» TASK ITEM: Going down the data below, set down exactly the line with "OpenCV camera frame" and each line after it through the line with "Order: left to right."; no other lines.
Content starts
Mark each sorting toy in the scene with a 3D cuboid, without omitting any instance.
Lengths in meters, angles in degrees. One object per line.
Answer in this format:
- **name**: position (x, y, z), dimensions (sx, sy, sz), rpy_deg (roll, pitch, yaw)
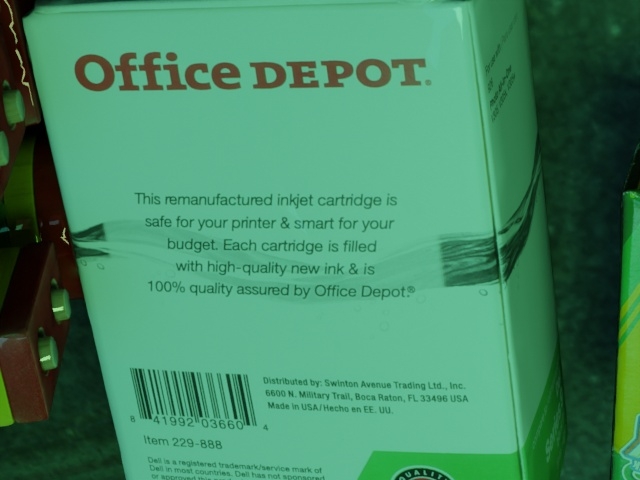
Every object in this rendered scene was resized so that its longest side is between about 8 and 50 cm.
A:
- **sorting toy**: position (-0.169, -0.042, 0.813), dimensions (0.089, 0.255, 0.257), rpy_deg (-8, 116, 3)

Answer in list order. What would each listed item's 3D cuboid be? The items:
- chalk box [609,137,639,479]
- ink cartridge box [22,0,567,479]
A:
- **chalk box**: position (0.206, 0.050, 0.791), dimensions (0.132, 0.132, 0.213), rpy_deg (6, 120, 17)
- **ink cartridge box**: position (0.000, 0.000, 0.841), dimensions (0.211, 0.121, 0.289), rpy_deg (1, 118, 19)
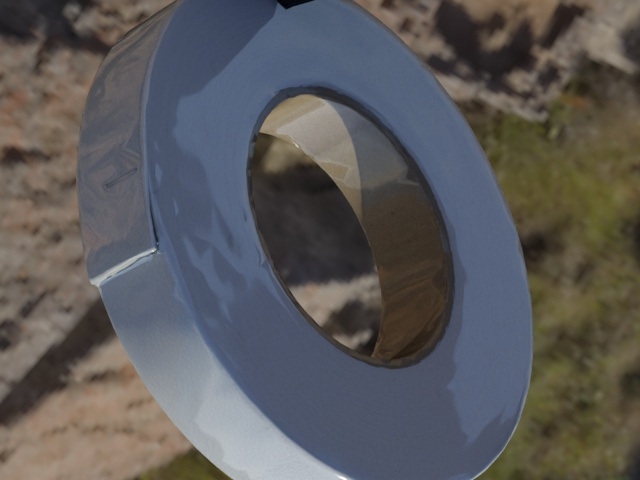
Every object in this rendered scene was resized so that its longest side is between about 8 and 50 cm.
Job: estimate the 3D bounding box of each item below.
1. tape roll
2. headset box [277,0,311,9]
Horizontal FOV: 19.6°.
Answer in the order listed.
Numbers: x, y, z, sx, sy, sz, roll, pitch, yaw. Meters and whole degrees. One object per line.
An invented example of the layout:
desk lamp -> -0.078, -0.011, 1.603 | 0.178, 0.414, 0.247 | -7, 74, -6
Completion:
tape roll -> 0.000, 0.000, 1.281 | 0.072, 0.392, 0.392 | -26, 164, 38
headset box -> 0.073, -0.307, 1.257 | 0.131, 0.246, 0.283 | 54, 40, -33
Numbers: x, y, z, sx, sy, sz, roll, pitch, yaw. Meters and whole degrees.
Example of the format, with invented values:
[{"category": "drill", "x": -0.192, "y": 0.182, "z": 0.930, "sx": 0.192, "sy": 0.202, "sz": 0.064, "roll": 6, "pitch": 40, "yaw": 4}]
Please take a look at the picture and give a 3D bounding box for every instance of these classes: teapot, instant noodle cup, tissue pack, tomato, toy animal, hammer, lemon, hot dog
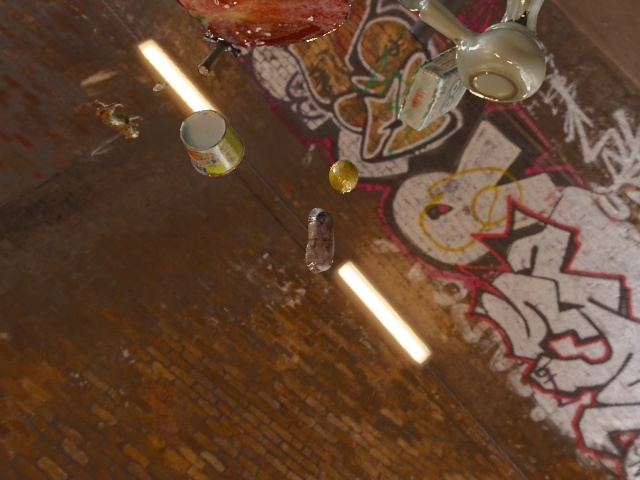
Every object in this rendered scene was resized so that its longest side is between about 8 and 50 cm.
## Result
[{"category": "teapot", "x": 0.394, "y": -0.459, "z": 1.120, "sx": 0.318, "sy": 0.149, "sz": 0.220, "roll": 29, "pitch": 170, "yaw": -27}, {"category": "instant noodle cup", "x": -0.371, "y": -0.341, "z": 1.604, "sx": 0.205, "sy": 0.205, "sz": 0.153, "roll": 54, "pitch": 173, "yaw": 18}, {"category": "tissue pack", "x": 0.438, "y": -0.567, "z": 1.742, "sx": 0.128, "sy": 0.228, "sz": 0.311, "roll": 38, "pitch": -131, "yaw": 19}, {"category": "tomato", "x": -0.098, "y": -0.466, "z": 0.799, "sx": 0.309, "sy": 0.309, "sz": 0.170, "roll": -3, "pitch": -90, "yaw": -61}, {"category": "toy animal", "x": -0.668, "y": -0.399, "z": 1.559, "sx": 0.241, "sy": 0.099, "sz": 0.056, "roll": 28, "pitch": -134, "yaw": -70}, {"category": "hammer", "x": -0.435, "y": -0.764, "z": 1.947, "sx": 0.168, "sy": 0.044, "sz": 0.440, "roll": 28, "pitch": -149, "yaw": -19}, {"category": "lemon", "x": 0.085, "y": -0.235, "z": 1.725, "sx": 0.109, "sy": 0.109, "sz": 0.133, "roll": 29, "pitch": -114, "yaw": -34}, {"category": "hot dog", "x": 0.000, "y": 0.000, "z": 1.825, "sx": 0.131, "sy": 0.069, "sz": 0.252, "roll": 4, "pitch": -94, "yaw": -40}]

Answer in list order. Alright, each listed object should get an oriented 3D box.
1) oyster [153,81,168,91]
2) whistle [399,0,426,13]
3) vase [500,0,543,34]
[{"category": "oyster", "x": -0.657, "y": -0.637, "z": 1.935, "sx": 0.019, "sy": 0.054, "sz": 0.083, "roll": 56, "pitch": -148, "yaw": -3}, {"category": "whistle", "x": 0.360, "y": -1.004, "z": 1.819, "sx": 0.163, "sy": 0.164, "sz": 0.289, "roll": -98, "pitch": -15, "yaw": -54}, {"category": "vase", "x": 0.582, "y": -0.754, "z": 1.273, "sx": 0.165, "sy": 0.360, "sz": 0.165, "roll": 3, "pitch": -144, "yaw": -2}]
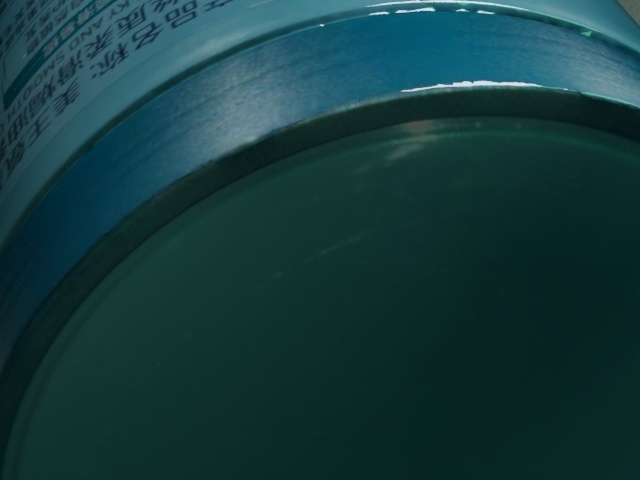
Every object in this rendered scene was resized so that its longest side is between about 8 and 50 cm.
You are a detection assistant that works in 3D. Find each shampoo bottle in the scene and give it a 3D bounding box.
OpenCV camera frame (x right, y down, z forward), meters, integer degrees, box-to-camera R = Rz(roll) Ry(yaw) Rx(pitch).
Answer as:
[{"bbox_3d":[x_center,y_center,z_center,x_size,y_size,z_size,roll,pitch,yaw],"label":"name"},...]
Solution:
[{"bbox_3d":[0.000,0.000,0.763,0.331,0.331,0.343,31,20,-29],"label":"shampoo bottle"}]
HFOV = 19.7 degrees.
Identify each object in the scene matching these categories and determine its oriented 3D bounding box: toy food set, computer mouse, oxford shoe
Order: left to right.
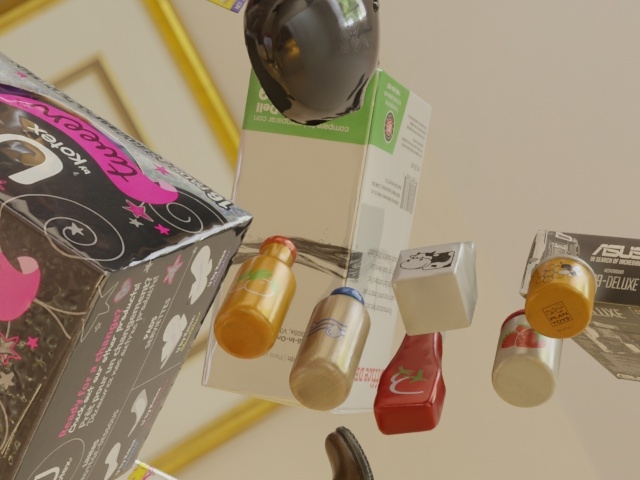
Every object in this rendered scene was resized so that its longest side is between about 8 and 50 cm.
[{"bbox_3d":[0.023,0.324,2.226,0.096,0.083,0.227,-6,-128,-4],"label":"oxford shoe"},{"bbox_3d":[0.024,-0.114,0.815,0.041,0.071,0.242,-16,-161,24],"label":"computer mouse"},{"bbox_3d":[0.062,0.044,1.147,0.232,0.111,0.104,-9,-151,18],"label":"toy food set"}]

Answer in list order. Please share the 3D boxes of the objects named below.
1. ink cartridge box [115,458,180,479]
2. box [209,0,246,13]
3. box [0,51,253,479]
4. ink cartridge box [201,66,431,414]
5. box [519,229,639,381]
[{"bbox_3d":[-0.261,0.331,2.048,0.117,0.278,0.201,0,-117,58],"label":"ink cartridge box"},{"bbox_3d":[-0.099,-0.237,1.306,0.105,0.179,0.043,-55,-132,16],"label":"box"},{"bbox_3d":[-0.188,0.000,0.857,0.163,0.247,0.142,-63,164,22],"label":"box"},{"bbox_3d":[0.000,0.000,1.614,0.121,0.289,0.211,9,177,15],"label":"ink cartridge box"},{"bbox_3d":[0.386,0.082,1.828,0.307,0.242,0.077,6,-111,38],"label":"box"}]
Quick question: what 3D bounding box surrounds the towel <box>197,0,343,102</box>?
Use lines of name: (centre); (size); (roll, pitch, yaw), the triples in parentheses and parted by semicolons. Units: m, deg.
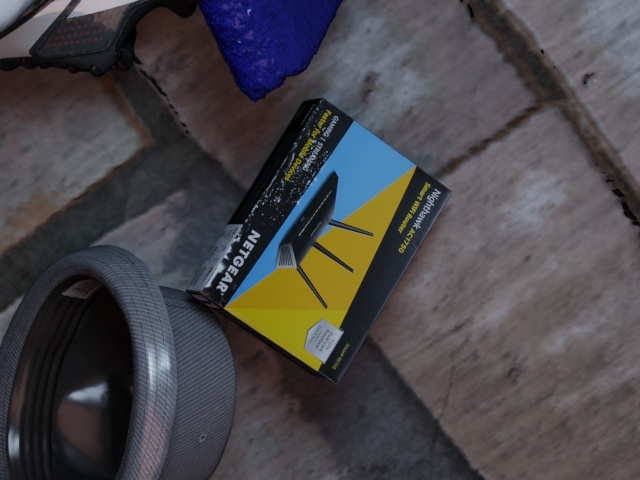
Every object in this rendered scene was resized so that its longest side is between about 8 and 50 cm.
towel: (-0.078, -0.271, 1.282); (0.076, 0.228, 0.308); (-14, 117, 25)

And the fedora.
fedora: (-0.156, 0.137, 1.495); (0.124, 0.243, 0.275); (6, 114, -38)

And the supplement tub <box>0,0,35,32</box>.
supplement tub: (-0.247, -0.263, 1.206); (0.207, 0.338, 0.207); (-1, 116, -2)

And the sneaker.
sneaker: (-0.207, -0.164, 1.388); (0.276, 0.098, 0.135); (-25, 112, 8)

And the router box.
router box: (0.000, 0.000, 1.462); (0.133, 0.046, 0.179); (34, 79, -18)
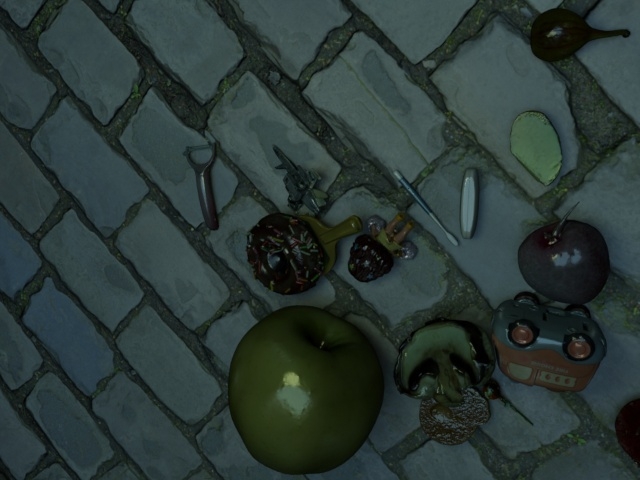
Content ends
» ANSWER BELOW:
OpenCV camera frame (x right, y down, z forward), meters, integer degrees, box-to-camera R = Rz(roll) Ry(yaw) Rx(pitch).
Answer as:
[{"bbox_3d":[x_center,y_center,z_center,x_size,y_size,z_size,roll,pitch,yaw],"label":"name"},...]
Solution:
[{"bbox_3d":[0.000,0.000,0.763,0.331,0.331,0.343,31,20,-29],"label":"shampoo bottle"}]
HFOV = 19.7 degrees.
Identify each object in the scene matching these categories and determine its oriented 3D bounding box: toy food set, computer mouse, oxford shoe
Order: left to right.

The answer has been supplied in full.